Traditionally, research on PTSD has primarily focused on explicit emotions, which are consciously experienced and self‐reported by individuals. This approach, however, may not fully capture the complex emotional disturbances inherent to PTSD. Limitations of using explicit emotional measures include the reliance on self‐report measures, which are susceptible to subjective biases such as social desirability and cognitive distortions, potentially compromising the accuracy of emotional evaluations (Foa and Kozak 1986). Individuals with PTSD may struggle to articulate their emotional experiences due to avoidance behaviors or emotional numbing, thereby compromising the reliability of their reports (Etkin and Wager 2007). Furthermore, explicit measures often fail to detect automatic, non‐conscious emotional responses, which are crucial for a comprehensive understanding of emotional dysregulation in PTSD (Pineles et al. 2009).

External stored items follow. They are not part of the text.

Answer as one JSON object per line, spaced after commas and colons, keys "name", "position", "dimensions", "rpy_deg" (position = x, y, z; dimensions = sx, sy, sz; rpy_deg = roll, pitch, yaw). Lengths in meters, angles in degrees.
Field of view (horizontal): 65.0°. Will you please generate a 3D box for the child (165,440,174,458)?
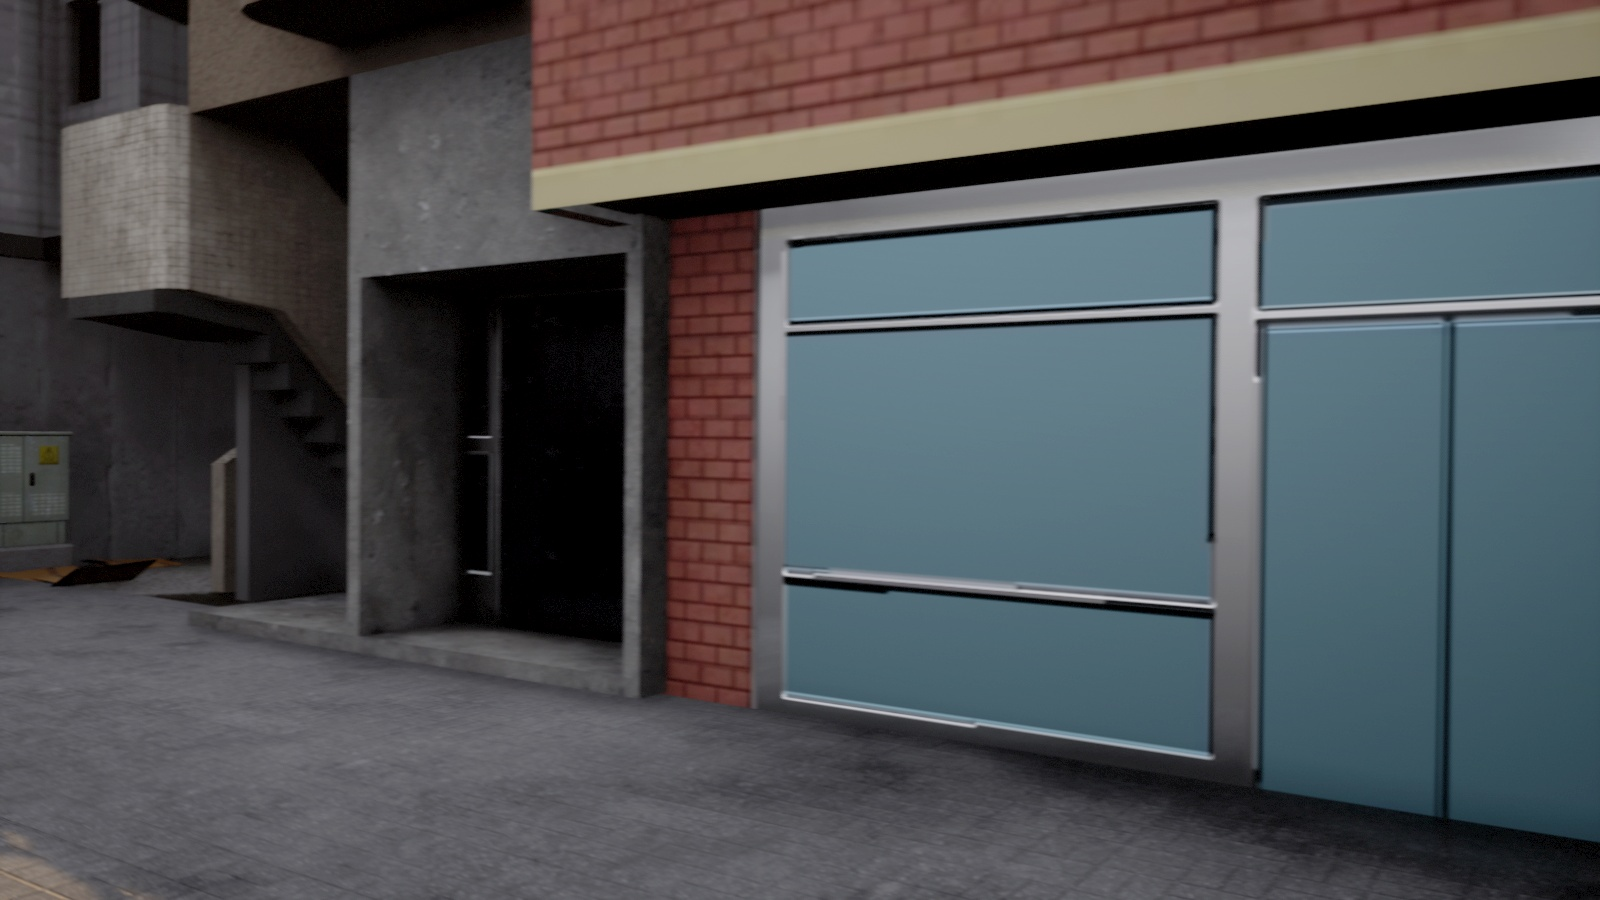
{"name": "child", "position": [-43.158, -0.061, 85.975], "dimensions": [0.270, 1.263, 0.437], "rpy_deg": [0, 1, 42]}
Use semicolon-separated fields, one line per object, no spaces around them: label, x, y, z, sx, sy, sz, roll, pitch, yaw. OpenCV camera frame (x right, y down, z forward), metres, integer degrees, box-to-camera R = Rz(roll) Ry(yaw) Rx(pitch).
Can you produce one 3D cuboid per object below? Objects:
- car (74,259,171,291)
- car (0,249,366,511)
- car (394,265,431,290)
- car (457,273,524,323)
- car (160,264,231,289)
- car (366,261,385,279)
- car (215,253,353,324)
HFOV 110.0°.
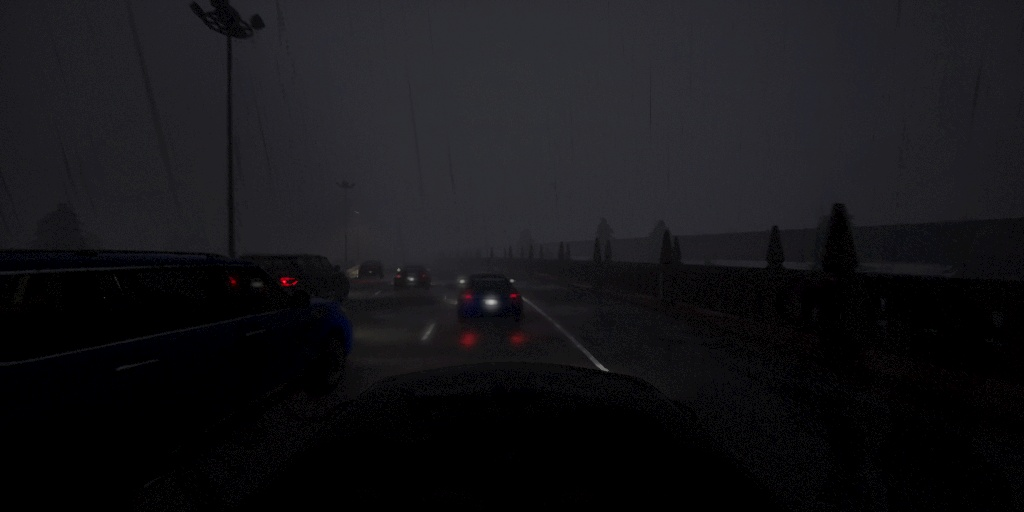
car;-24.379;1.103;22.733;2.097;1.767;4.553;0;0;-16
car;-3.580;0.971;3.427;2.150;2.045;5.566;0;0;-2
car;-5.933;1.239;21.650;1.994;1.385;4.181;0;0;-12
car;-0.807;1.267;12.104;1.994;1.385;4.181;0;0;-6
car;-21.153;1.295;24.202;1.994;1.385;4.181;0;0;-17
car;-12.223;1.137;31.356;1.882;1.535;5.008;0;0;-18
car;-7.934;0.940;13.331;2.150;2.045;5.566;0;0;-7
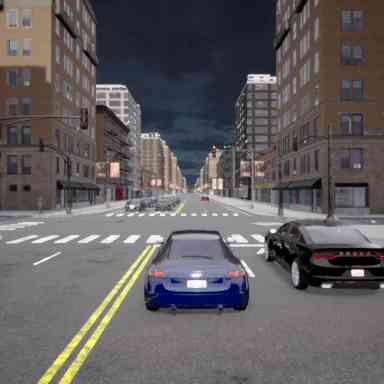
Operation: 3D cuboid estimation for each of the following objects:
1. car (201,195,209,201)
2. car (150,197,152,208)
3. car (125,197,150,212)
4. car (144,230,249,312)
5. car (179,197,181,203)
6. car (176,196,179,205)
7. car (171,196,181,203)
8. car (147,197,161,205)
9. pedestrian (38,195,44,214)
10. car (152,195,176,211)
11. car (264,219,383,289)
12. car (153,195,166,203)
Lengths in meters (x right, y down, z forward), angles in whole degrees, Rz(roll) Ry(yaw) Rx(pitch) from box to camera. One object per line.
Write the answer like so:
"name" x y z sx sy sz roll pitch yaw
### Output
"car" 3.180 1.454 80.583 1.882 1.535 5.008 0 0 0
"car" -6.638 1.495 48.452 1.837 1.490 4.892 0 0 0
"car" -6.631 1.486 39.187 2.128 1.511 4.902 0 0 0
"car" 0.081 1.563 7.781 1.994 1.385 4.181 0 0 0
"car" -3.375 1.549 59.311 1.994 1.385 4.181 0 0 0
"car" -3.385 1.495 49.767 1.837 1.490 4.892 0 0 0
"car" -3.311 1.490 69.697 2.033 1.411 5.357 0 0 0
"car" -6.629 1.587 58.376 1.895 1.301 4.718 0 0 0
"pedestrian" -14.169 1.166 31.092 0.375 1.860 0.375 0 0 0
"car" -3.382 1.498 40.443 1.837 1.490 4.892 0 0 0
"car" 3.330 1.477 9.159 1.882 1.535 5.008 0 0 0
"car" -6.568 1.473 68.491 2.128 1.511 4.902 0 0 0

In contrast, implicit emotions, which arise automatically and unconsciously, provide valuable insights for understanding PTSD. First, implicit emotions are assessed through objective measures such as physiological indicators and behavioral responses, providing more reliable insights into emotional processing without the biases inherent in subjective self‐report methods (Wessa and Flor 2007). Second, these measures unveil emotional reactions that individuals may not consciously recognize or acknowledge, thereby elucidating the full spectrum of emotional dysregulation in PTSD that may be obscured by explicit measures (Jovanovic and Norrholm 2011). The Shifted Attention Emotion Appraisal Task (SEAT; Anderson et al. 2013; Klumpp et al. 2011; Duval et al. 2020) used in this study has emerged as a valuable tool for studying implicit emotion in PTSD, offering insights into emotional processing that may not be fully captured by traditional explicit measures (Liberzon et al. 2015; Duval et al. 2018). By studying physiological and behavioral markers, researchers can identify biomarkers of PTSD severity, predict treatment outcomes, and develop interventions targeting the automatic emotional processes that underpin PTSD symptoms.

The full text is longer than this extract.